The market is already writing it off. The forward curve of the carbon market – such as it is – is pricing odds of 60 per cent that the carbon price will no longer exist by July next year, analysts say. The market odds for it to be gone by 2016 are 80 per cent.

The forward curve for contracts in the National Electricity Market is pricing the odds around the same level. Even Bloomberg New Energy Finance, which said earlier this year that there was just a 30 per cent chance of repeal, is now reviewing that assessment and is likely to lift the odds to above 50 per cent.

Little wonder, according to Gary Wyatt, head of energy trading at ANZ, that means most liable entities are either ignoring the carbon risk, or – in the case of electricity industry – passing it on to consumers.

Blame it on the polls. In the last few months, Labor’s disastrous showing has increased the likelihood that the Coalition, with the help of independents such as the DLP’s John Madigan and others, could have an effective majority in the Senate, enabling them to deliver on Tony Abbott’s “blood oath” to repeal the carbon price.

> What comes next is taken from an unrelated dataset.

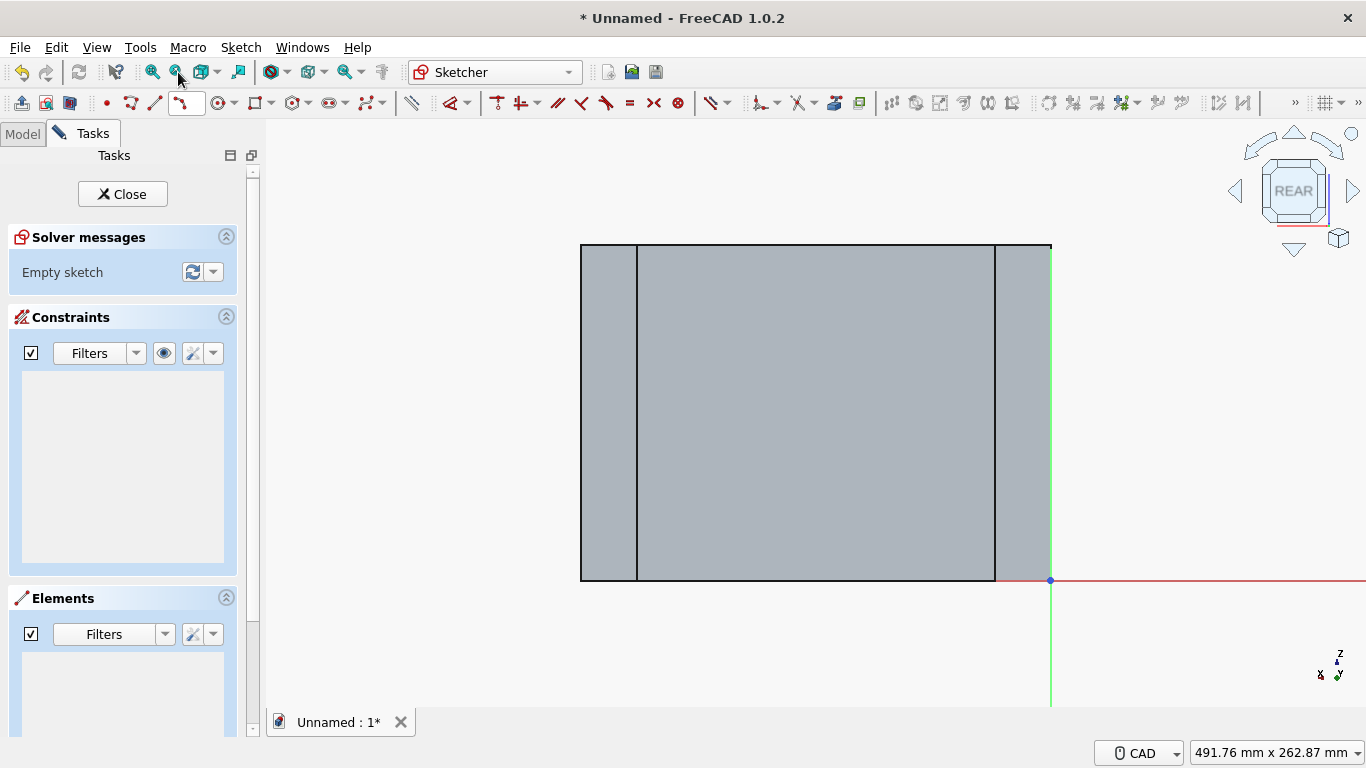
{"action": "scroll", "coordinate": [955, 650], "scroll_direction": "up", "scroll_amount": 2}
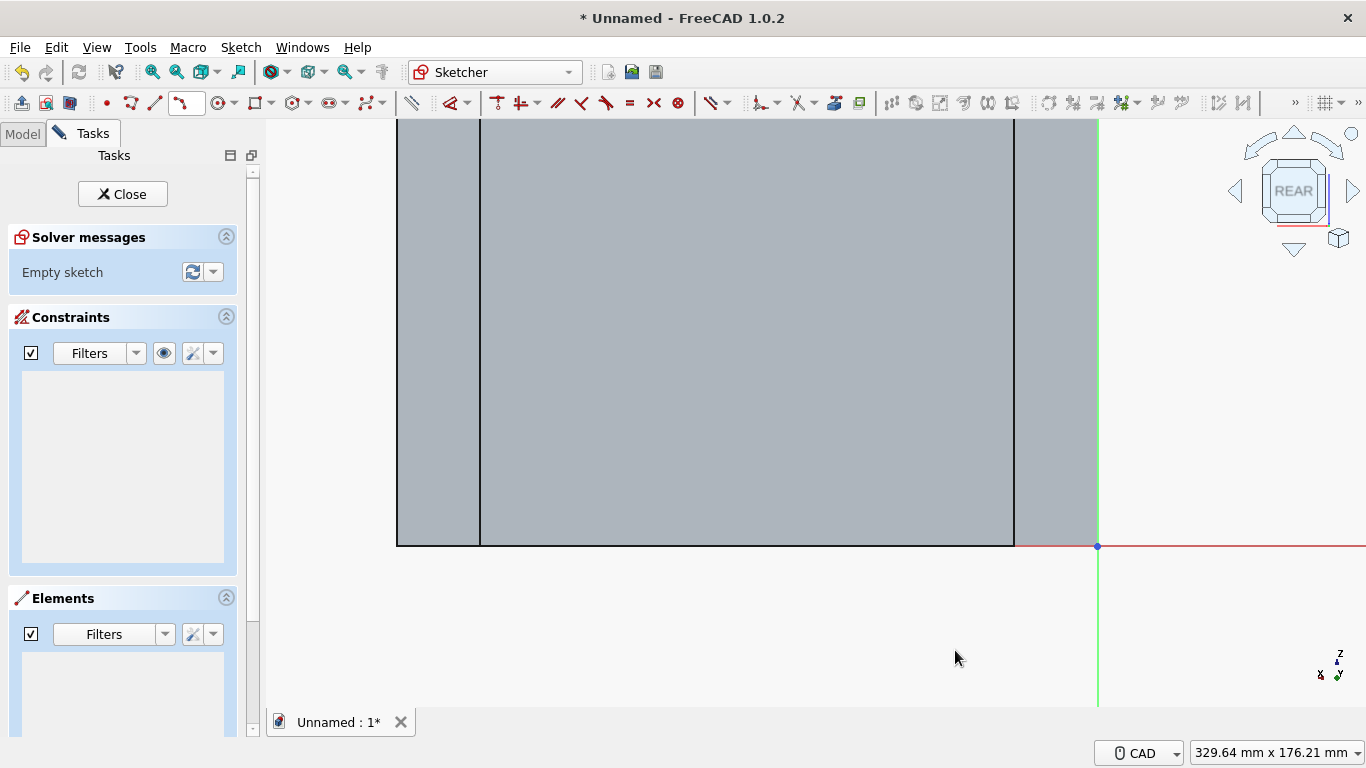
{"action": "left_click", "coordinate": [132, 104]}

And even if the Coalition did not get the numbers, there is increased talk that the remaining rump of Labor politicians may not have the spine to continue to advocate for their climate policy, with the factions finally let loose and keen for retribution for anything associated with the partnership with the Greens.

Antony Green’s presentation was the best attended of the entire day hosted by the Carbon Market Institute. And, quite frankly, I’ve never seen a banker take quite so many notes. That’s probably because, one way or another, there’s several billion dollars worth of assets that could be stranded or not.

As you might expect from his profession, Green gave a cautious outlook on how the Senate voting might evolve. The complexities of the Senate voting system and preferences means the final position within a state can turn into a lottery. Labor tried to be too clever and ended up having to deal with Family First. A Christian group focusing on anti-abortion party accidentally caused a pro-Gay member to be elected in WA.

The first thing Green noted was that it was pretty hard to see how Labor could possibly hold onto office. But the key on how Abbott will be able to govern, and to deliver on the repeal of the carbon price and other climate initiatives and institutions, is the make-up of the Senate, and how quickly the Coalition could move to a double dissolution if it didn’t have the numbers.

Green suggested that the practicalities meant that a double dissolution wouldn’t happen before July, 2014, anyway, barring Labor folding its cards on climate and waving the repeal through.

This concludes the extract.